Captions in the comments. Keep it clean, play safe, some assembly required.

Halloween

Unbeatable image heartlessly stolen from Daddy’sDiary


Revealing More Than She Thinks

Friday, October 26th, 2007
By Glinda

Has a Problem Bigger Than Her Weight

E-list “celebrity” Trista Sutter (the Bachelorette, just to remind anyone who may have watched the show) is on a mission to lose weight. You see, only three months ago, she became a mother. But according to her, “I’m definitely not pleased when I look in the mirror.” Trista, weighing in at a whopping 116 pounds and size four, wants to lose that pesky baby weight, stat!

In an interview with US Magazine, Trista reveals how she especially dislikes

my belly. It has a layer of fat, which, of course, your body has to put on, but it’s blubbery and I hate it. I want to be able to go bathing suit shopping for a vacation and not feel totally disgusted… I just don’t feel good in a lot of my clothes.

Trista, Trista. Can I sit down with you for a second? We need to have a conversation. Go ahead and get comfy, because this might take a while.

I can totally understand wanting to feel healthy. I can understand a bit wanting to be thin again. Carrying a baby around, especially in the last trimester, makes you feel all waddly and ungainly. But wait, you ninny, you are still thin. I don’t know you, but I feel the overwhelming urge to call you a ninny, I hope you don’t mind.

That weight was put on your body specifically for your baby. There is nothing to be ashamed about. There is nothing to feel bad about. I think by saying that the most important thing in your life right now is losing weight does a disservice to all new mothers. Why such pressure to be “thin?” Which is such a relative term, because I haven’t weighed 116 since high school.

Let me tell you what the most important thing is. Bonding with your child, and bonding with your husband as new parents of a precious baby. That is what you should be focusing on.

Three months after the birth of my son, I was lucky to even get a decent amount of sleep, much less be all concerned that I didn’t fit into my “size 26 Hudson jeans.” If I was able to take one shower within a 24 hour period, I thought my life was fabulous.
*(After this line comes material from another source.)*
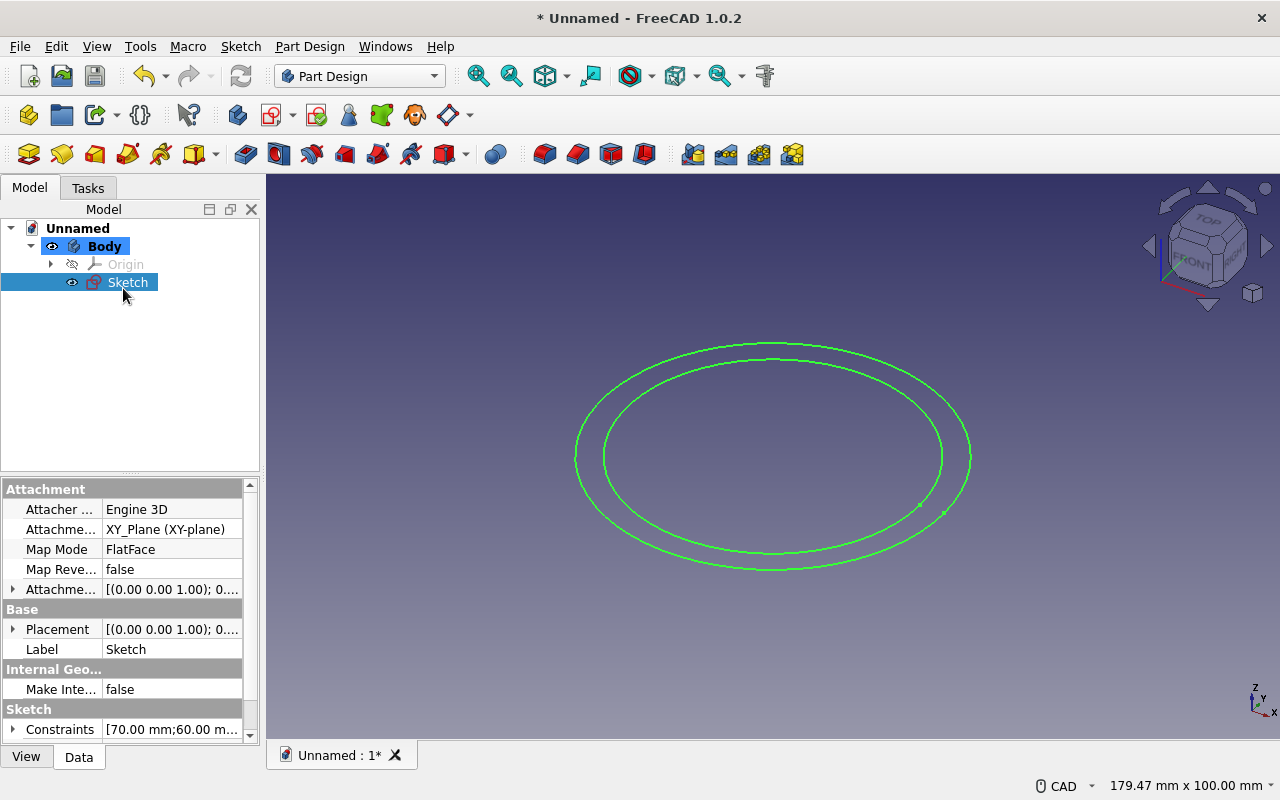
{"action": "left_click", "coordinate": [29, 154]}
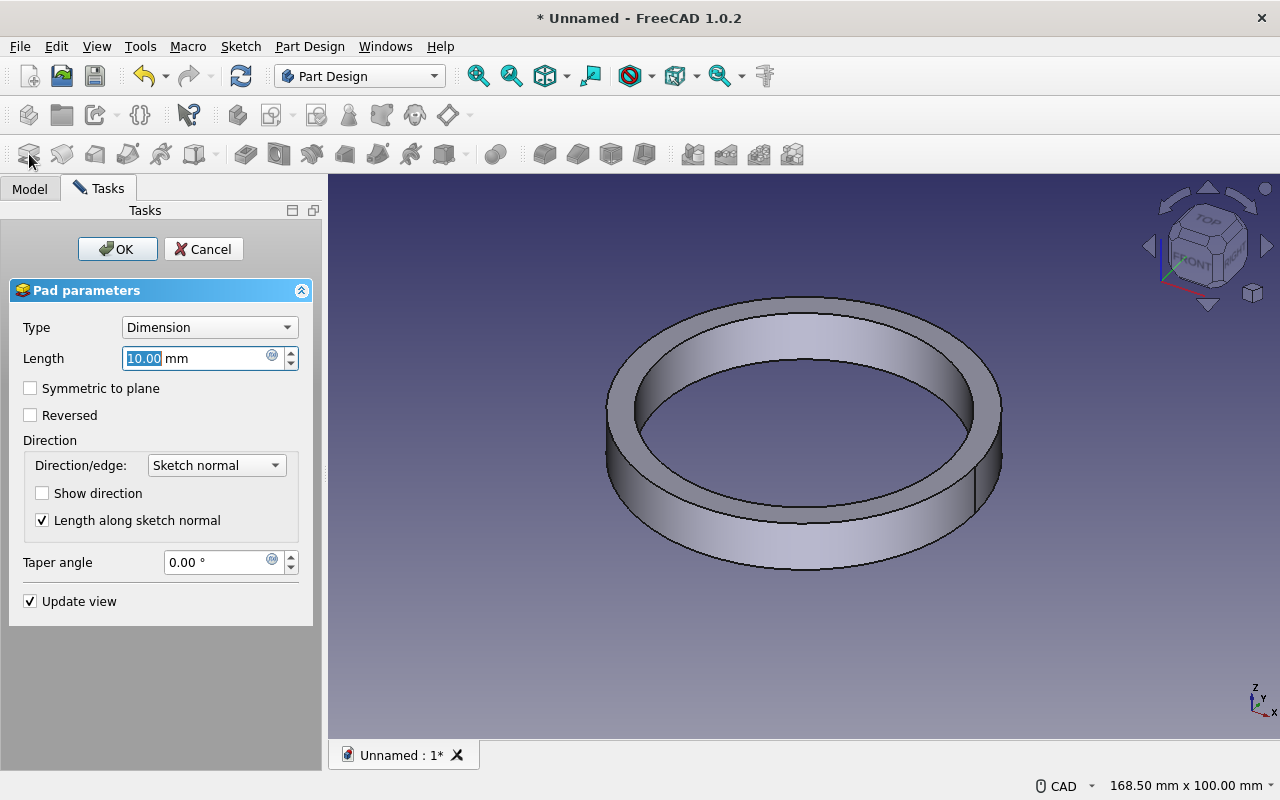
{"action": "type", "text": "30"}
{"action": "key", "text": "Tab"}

I didn’t think twice about how sexy I was or wasn’t. And my husband didn’t care either. He thought (and still thinks) I was sexy no matter what. How does your husband feel about you?

If I eat something that I shouldn’t, Ryan shakes his finger at me and says, ‘Uh, uh, uh!’ He’s been awesome, 100 percent supportive. He watches Max when I go to the gym and is constantly saying that I look great. But when you don’t feel good about yourself, you don’t feel like you want to be intimate. I want to feel, and look, sexy again for him. Even though he is being nice and saying he’s still attracted to me, I want to feel like he’s telling me the truth and not just saying it because he’s a good husband.

Earth to Trista, you call your husband scolding you like a naughty child “awesome?” You think your husband is just lying to you when he says you are still attractive?

Honey, I need to grab that shovel out of your hands before you dig yourself any deeper.

Now, if you will excuse me, my blubbery belly and I feel the need for some cookies.

P.S. Plumcake suggests that Trista needs a good punching.